═════ Source data ═════

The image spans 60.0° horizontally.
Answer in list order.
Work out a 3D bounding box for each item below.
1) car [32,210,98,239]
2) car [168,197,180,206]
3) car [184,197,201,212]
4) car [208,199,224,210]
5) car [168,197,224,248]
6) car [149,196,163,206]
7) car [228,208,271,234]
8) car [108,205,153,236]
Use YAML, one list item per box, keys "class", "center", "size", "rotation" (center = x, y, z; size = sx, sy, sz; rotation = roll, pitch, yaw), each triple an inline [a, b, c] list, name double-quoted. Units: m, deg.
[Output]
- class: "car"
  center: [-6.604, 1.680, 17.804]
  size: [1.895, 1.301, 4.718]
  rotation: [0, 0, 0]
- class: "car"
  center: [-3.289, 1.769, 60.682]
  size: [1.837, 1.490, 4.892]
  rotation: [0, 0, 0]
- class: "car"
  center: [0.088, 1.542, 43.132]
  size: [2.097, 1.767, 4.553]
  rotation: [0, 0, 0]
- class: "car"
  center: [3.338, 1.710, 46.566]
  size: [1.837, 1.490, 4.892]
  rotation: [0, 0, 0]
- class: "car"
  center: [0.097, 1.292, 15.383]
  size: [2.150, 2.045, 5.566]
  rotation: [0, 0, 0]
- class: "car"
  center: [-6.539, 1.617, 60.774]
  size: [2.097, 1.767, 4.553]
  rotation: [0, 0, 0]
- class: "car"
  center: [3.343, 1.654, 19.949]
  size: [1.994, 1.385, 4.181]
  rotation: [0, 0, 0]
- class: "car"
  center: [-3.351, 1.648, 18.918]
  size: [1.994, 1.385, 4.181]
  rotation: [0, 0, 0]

═════

**Task instructions**:
For each line of the entries that holds the word "list", pull that line out.

**Response to this task**:
Answer in list order.
Use YAML, one list item per box, keys "class", "center", "size", "rotation" (center = x, y, z; size = sx, sy, sz; rotation = roll, pitch, yaw), each triple an inline [a, b, c] list, name double-quoted. Units: m, deg.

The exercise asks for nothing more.